Esa noche ella quiere que le acompañe a la terraza.

Ugo y Shyraz tienen que subir varios pisos andando y cuando llegan a la terraza un africano con pinta de traficante está organizando los saltos y ayuda a Shyraz a atarse la cuerda al tobillo.

—Vamos, salta tú también, ¿no quieres volar?

—No estoy tan desesperado, princesa; hay maneras mucho mejores de matarse —se queja Ugo.

Ella se ha recogido el pelo en una trenza gruesa que se eleva hacia arriba cuando salta, y después cae, como ella, hasta quedar suspendida de la cuerda como una araña.

Él siente cómo le pesa la garganta mientras contempla al africano que sujeta la cuerda de la que pende Shyraz.

Cuando ella vuelve a pisar la pasarela de la terraza, tiene las mejillas rojas y los ojos verdes encendidos en llamas. Quiere saltar una vez más. Salta. Y Ugo mira la túnica de Shyraz caer hacia abajo, reduciéndose, rebotando como una pelota, de terraza en terraza, hasta que se queda enganchada en una de las plantas inferiores, colgada por la punta de su túnica de seda a la barandilla, como una araña, y de la terraza solo queda colgando un trozo roto de cuerda.

El africano dice que ha tomado demasiado opio, que el opio estaría mal sintetizado...

—Apártate de ella.

La tumban sobre una alfombra polvorienta que alguien ha traído del bar clandestino. Y Ugo memoriza cada detalle del cuerpo de ella mientras espera un tiempo interminable hasta que la ambulancia de los servicios sociales viene a buscarla.

IV

El viaje durará apenas unas horas.

Dentro del contenedor está oscuro y apenas se distingue nada y comparte todo el trayecto acompañado por los sonidos que hacen entre sí los flamencos para comunicarse.

Al cabo de unas horas, por el ajetreo y las voces chillonas que hablan en un idioma extraño, deduce que han llegado a la estación de salida del tren submarino. El trayecto es rápido. Y el procedimiento de desembarco que tantas veces ha estudiado se pone en marcha. Sabe que solo tiene que esperar a que le encuentren y pedir el asilo. Y espera.

El policía que le entrevista escucha su historia sin hacer un solo gesto. Sin una pista.

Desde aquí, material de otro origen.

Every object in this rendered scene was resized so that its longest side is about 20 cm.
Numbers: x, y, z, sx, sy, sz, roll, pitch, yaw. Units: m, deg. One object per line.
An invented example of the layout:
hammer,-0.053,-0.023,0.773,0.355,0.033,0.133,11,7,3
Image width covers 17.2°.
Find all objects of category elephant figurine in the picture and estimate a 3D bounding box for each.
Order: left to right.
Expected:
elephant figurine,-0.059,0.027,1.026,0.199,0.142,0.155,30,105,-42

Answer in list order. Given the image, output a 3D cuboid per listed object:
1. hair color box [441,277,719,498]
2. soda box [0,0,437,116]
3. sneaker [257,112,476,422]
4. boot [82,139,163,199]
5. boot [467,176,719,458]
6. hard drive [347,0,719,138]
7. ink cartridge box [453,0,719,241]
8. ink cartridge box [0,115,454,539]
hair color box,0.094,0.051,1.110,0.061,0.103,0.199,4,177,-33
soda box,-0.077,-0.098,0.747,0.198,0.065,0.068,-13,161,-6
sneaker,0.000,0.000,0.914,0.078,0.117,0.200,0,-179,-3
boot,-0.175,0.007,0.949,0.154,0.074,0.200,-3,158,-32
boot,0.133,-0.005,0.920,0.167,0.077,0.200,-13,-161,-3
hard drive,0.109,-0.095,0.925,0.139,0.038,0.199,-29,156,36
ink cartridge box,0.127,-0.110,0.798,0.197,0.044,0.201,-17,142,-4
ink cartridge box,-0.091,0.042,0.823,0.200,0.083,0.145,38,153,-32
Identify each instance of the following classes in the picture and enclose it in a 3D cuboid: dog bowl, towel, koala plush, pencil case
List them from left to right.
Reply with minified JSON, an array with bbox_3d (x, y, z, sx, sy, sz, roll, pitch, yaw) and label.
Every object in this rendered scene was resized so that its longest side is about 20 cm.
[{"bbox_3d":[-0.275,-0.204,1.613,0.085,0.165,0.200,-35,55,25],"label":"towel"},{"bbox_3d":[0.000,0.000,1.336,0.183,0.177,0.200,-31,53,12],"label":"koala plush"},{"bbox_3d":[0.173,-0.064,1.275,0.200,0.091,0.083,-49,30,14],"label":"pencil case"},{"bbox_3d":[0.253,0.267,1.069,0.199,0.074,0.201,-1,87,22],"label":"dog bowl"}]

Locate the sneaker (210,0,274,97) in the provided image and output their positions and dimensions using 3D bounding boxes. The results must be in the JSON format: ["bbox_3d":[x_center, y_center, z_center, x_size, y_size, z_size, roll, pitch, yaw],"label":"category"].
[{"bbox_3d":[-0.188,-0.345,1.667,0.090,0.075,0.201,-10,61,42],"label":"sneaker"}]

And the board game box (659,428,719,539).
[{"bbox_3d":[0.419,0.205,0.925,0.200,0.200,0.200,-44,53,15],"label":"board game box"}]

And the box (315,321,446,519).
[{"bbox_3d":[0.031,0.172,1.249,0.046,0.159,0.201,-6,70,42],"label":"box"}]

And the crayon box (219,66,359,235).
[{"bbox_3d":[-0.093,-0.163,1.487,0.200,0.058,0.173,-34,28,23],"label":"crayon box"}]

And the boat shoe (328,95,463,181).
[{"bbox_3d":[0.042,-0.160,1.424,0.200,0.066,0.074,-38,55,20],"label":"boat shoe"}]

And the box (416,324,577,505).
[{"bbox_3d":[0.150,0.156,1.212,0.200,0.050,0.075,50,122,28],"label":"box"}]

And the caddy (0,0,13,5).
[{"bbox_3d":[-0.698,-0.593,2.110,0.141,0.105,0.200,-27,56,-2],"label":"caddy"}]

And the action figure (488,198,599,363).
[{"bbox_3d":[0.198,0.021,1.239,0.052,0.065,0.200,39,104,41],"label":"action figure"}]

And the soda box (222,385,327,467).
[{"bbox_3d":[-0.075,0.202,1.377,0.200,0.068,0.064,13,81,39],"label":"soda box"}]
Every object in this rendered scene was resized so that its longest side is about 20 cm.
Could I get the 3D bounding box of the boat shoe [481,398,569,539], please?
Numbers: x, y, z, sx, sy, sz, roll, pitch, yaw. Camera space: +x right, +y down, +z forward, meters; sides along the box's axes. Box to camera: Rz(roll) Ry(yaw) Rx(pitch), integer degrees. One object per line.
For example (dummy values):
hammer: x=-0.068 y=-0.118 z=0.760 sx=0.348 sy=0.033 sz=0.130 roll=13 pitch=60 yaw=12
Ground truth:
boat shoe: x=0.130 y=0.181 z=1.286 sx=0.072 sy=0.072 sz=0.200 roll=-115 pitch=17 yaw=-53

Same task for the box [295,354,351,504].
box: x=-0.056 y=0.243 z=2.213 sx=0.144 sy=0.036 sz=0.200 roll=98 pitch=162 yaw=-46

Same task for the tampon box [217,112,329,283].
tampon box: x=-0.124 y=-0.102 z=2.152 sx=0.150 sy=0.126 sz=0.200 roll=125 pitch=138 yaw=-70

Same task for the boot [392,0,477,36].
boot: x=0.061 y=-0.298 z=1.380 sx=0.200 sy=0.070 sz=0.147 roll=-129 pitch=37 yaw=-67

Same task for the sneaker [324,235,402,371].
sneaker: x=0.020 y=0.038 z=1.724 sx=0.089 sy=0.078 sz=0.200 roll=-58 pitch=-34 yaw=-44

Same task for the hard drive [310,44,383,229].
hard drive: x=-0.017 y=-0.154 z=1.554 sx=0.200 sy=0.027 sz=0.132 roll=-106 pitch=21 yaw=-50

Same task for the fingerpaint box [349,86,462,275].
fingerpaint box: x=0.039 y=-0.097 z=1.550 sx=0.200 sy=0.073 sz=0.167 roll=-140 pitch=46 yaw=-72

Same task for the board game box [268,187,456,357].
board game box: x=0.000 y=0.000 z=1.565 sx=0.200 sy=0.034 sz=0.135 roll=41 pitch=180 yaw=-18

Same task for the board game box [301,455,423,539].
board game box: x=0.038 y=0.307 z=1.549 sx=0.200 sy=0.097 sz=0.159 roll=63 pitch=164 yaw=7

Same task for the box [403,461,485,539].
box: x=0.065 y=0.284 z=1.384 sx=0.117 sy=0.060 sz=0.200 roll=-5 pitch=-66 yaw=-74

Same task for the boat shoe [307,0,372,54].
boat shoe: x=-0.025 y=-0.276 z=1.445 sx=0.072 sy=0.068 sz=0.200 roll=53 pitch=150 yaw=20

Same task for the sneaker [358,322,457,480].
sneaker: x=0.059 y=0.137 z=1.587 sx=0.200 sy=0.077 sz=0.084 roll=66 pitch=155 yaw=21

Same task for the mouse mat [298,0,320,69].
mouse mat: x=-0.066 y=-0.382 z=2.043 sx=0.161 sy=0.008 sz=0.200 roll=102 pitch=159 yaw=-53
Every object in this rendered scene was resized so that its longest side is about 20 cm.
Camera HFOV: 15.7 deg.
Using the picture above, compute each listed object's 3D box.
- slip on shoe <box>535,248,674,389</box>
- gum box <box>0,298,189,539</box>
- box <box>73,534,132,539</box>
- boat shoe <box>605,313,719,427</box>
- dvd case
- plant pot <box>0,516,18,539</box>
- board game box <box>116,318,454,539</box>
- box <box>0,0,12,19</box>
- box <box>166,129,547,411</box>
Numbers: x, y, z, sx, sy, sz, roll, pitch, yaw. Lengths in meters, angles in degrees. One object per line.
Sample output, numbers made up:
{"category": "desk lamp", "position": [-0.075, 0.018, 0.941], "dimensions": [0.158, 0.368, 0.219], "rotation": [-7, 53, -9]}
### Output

Después un oficial de inmigración le lleva a la sala donde se realizan las revisiones a los recién llegados que quieren entrar a Neurala. Hay montones de personas allí, de todas las razas, realizando las pruebas físicas: saltar sobre una cama elástica, levantar pesas, correr, respirar y cosas así. Por último, el escáner mental, la prueba que la mayoría de los inmigrantes fallan, porque Neurala solo acepta inmigrantes cuyos cerebros estén completamente sanos.

Una voz de mujer va pronunciando palabras: madre, guerra, agua, y Ugo acierta, sin alterarse, las respuestas que activan la zona correcta de su amígdala.

Cuando termina el procedimiento de admisión, ya solo quedan pocos días para la fecha límite del concurso de estrellas virtuales, pero consigue llegar a tiempo: entrega las fotos de Shyraz y el mechón de pelo, que le cortó mientras esperaba la ambulancia, para el análisis genético, a la señorita de ojos rasgados que realiza la selección de las nuevas estrellas, y días más tarde la imagen virtual de Shyraz se proyecta sobre el Hou La La Park y sobrepasa las pagodas y los templos del parque, como King Kong. Ahora Shyraz es una estrella y los niños se enganchan a sus dedos enormes y saltan desde ellos como monitos enroscados al árbol por la cola.